## WHAT YOU ARE ASKED TO DO
Exactly the lines from the opening of the data through the line containing "text ]; [118, 271, 1157, 295]" should be reproduced, please, with nothing added.

(Excerpts from a dataset)
---
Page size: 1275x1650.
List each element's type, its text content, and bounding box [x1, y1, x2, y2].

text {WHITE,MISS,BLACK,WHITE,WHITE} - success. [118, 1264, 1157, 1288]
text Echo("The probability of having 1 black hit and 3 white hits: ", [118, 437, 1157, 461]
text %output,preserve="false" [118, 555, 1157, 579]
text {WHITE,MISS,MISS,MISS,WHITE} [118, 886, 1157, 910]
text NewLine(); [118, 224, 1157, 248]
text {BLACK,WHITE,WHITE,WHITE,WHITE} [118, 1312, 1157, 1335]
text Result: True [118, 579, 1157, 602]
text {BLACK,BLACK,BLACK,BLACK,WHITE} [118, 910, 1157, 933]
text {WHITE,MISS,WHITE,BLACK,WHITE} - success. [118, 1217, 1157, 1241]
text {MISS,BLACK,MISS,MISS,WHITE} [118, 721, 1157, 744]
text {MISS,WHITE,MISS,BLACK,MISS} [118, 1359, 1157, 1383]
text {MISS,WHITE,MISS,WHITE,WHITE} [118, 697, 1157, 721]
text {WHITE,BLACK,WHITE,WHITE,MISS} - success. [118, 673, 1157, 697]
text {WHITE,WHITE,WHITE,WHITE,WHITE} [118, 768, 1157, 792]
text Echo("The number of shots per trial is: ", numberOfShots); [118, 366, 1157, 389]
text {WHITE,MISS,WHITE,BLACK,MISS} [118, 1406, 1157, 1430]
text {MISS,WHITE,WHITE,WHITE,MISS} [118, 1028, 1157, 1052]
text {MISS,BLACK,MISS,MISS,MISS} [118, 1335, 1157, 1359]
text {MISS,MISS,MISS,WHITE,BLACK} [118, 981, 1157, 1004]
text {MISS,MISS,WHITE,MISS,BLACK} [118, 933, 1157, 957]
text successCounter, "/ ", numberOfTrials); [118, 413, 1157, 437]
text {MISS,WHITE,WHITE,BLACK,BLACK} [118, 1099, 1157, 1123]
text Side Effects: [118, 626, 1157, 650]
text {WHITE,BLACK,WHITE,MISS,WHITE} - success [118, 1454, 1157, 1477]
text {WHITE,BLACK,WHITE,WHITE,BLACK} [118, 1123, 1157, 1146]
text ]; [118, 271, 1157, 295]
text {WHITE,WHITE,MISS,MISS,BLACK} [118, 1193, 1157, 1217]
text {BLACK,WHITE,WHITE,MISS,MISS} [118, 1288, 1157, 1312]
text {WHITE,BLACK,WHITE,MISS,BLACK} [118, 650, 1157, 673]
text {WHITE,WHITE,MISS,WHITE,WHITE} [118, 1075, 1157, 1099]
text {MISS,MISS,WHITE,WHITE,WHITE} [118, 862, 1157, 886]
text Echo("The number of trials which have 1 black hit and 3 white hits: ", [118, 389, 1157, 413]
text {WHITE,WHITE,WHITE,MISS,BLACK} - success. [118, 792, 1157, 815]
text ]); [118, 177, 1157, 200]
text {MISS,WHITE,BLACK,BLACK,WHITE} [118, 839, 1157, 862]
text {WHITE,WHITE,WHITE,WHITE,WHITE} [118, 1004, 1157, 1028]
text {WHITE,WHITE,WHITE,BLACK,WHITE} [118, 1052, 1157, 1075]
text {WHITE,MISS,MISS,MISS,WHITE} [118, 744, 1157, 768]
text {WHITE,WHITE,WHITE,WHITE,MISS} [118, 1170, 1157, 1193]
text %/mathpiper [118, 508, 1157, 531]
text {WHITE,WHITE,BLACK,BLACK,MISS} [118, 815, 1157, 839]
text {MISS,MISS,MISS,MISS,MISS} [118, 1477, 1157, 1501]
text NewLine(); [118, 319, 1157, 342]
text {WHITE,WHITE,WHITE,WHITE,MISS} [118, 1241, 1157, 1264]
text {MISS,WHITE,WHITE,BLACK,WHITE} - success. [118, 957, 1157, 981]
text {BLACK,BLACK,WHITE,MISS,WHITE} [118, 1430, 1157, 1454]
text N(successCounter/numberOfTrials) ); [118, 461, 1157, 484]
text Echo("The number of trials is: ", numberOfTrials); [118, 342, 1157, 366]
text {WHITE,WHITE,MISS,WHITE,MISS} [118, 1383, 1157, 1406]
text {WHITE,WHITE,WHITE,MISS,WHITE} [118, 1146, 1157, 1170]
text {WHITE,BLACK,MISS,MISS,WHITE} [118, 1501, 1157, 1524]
---
## REPLY
Page size: 1275x1650.
List each element's type, its text content, and bounding box [x1, y1, x2, y2].

text {WHITE,MISS,BLACK,WHITE,WHITE} - success. [118, 1264, 1157, 1288]
text Echo("The probability of having 1 black hit and 3 white hits: ", [118, 437, 1157, 461]
text %output,preserve="false" [118, 555, 1157, 579]
text {WHITE,MISS,MISS,MISS,WHITE} [118, 886, 1157, 910]
text NewLine(); [118, 224, 1157, 248]
text {BLACK,WHITE,WHITE,WHITE,WHITE} [118, 1312, 1157, 1335]
text Result: True [118, 579, 1157, 602]
text {BLACK,BLACK,BLACK,BLACK,WHITE} [118, 910, 1157, 933]
text {WHITE,MISS,WHITE,BLACK,WHITE} - success. [118, 1217, 1157, 1241]
text {MISS,BLACK,MISS,MISS,WHITE} [118, 721, 1157, 744]
text {MISS,WHITE,MISS,BLACK,MISS} [118, 1359, 1157, 1383]
text {MISS,WHITE,MISS,WHITE,WHITE} [118, 697, 1157, 721]
text {WHITE,BLACK,WHITE,WHITE,MISS} - success. [118, 673, 1157, 697]
text {WHITE,WHITE,WHITE,WHITE,WHITE} [118, 768, 1157, 792]
text Echo("The number of shots per trial is: ", numberOfShots); [118, 366, 1157, 389]
text {WHITE,MISS,WHITE,BLACK,MISS} [118, 1406, 1157, 1430]
text {MISS,WHITE,WHITE,WHITE,MISS} [118, 1028, 1157, 1052]
text {MISS,BLACK,MISS,MISS,MISS} [118, 1335, 1157, 1359]
text {MISS,MISS,MISS,WHITE,BLACK} [118, 981, 1157, 1004]
text {MISS,MISS,WHITE,MISS,BLACK} [118, 933, 1157, 957]
text successCounter, "/ ", numberOfTrials); [118, 413, 1157, 437]
text {MISS,WHITE,WHITE,BLACK,BLACK} [118, 1099, 1157, 1123]
text Side Effects: [118, 626, 1157, 650]
text {WHITE,BLACK,WHITE,MISS,WHITE} - success [118, 1454, 1157, 1477]
text {WHITE,BLACK,WHITE,WHITE,BLACK} [118, 1123, 1157, 1146]
text ]; [118, 271, 1157, 295]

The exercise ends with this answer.